## Task prompt
One number is the full answer: how many lines in the records contain the word "numAccrossLine"?

## Information given
==================================================
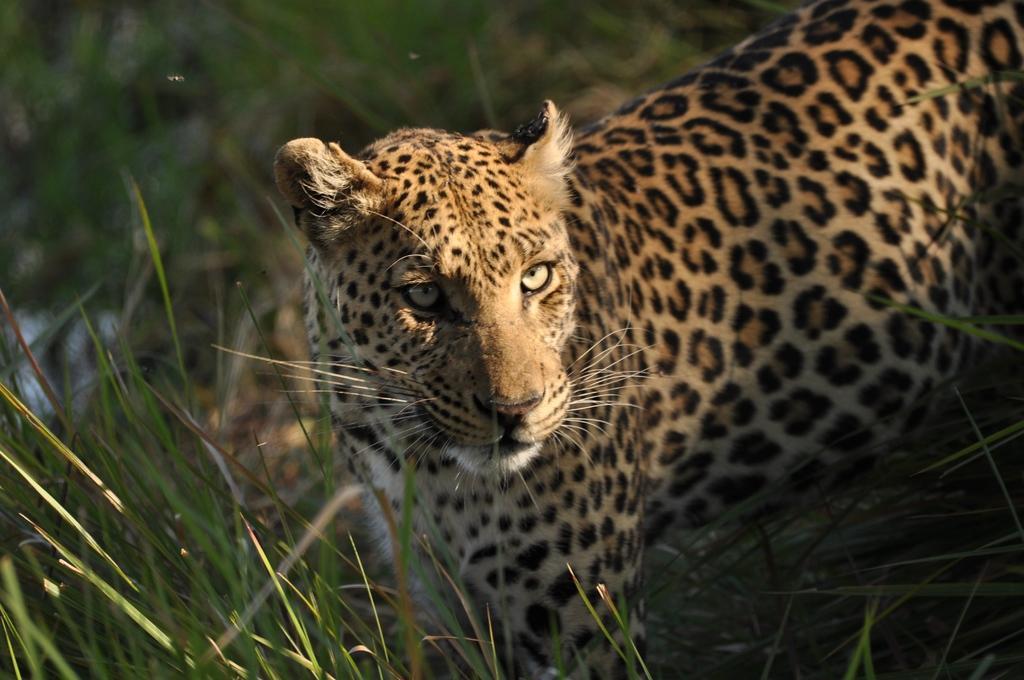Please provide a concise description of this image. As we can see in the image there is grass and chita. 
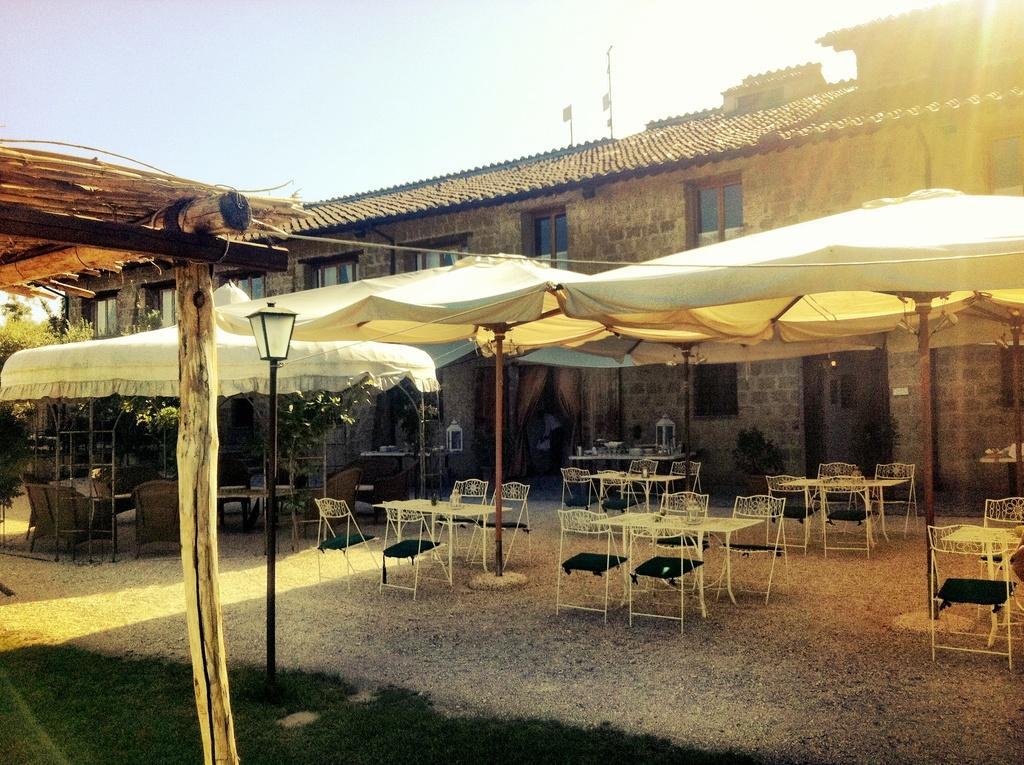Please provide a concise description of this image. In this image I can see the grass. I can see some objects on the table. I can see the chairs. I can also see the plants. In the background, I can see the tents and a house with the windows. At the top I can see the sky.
==================================================
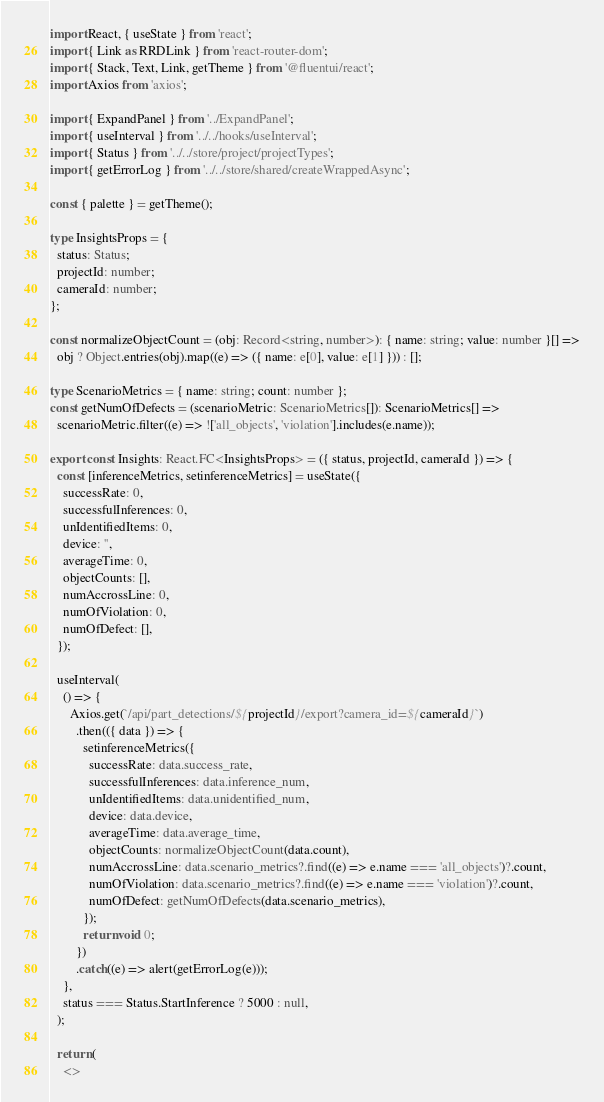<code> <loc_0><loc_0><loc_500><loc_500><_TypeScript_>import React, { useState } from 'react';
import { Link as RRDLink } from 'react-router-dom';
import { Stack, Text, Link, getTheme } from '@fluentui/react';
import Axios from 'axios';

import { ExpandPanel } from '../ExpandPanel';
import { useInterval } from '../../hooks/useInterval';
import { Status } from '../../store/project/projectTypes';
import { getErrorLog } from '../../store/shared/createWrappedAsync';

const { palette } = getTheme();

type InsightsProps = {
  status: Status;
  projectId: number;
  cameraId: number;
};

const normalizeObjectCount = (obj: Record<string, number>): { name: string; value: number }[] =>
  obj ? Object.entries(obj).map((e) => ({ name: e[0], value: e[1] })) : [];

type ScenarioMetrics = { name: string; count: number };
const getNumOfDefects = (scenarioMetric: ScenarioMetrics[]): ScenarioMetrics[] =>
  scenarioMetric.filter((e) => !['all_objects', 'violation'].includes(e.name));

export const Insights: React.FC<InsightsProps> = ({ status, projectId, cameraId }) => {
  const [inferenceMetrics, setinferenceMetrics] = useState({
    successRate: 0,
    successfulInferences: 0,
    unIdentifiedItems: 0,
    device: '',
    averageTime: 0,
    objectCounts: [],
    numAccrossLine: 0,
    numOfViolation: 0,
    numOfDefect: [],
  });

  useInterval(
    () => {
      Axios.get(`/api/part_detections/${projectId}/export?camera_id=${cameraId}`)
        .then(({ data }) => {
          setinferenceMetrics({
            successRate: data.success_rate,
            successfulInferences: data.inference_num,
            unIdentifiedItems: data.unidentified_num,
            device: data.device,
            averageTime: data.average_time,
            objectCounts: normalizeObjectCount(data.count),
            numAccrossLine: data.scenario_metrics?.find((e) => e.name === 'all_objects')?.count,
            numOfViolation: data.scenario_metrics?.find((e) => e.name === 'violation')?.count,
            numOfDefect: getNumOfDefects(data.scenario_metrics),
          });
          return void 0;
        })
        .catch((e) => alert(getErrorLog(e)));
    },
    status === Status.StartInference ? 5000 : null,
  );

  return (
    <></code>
==================================================
## Task answer
2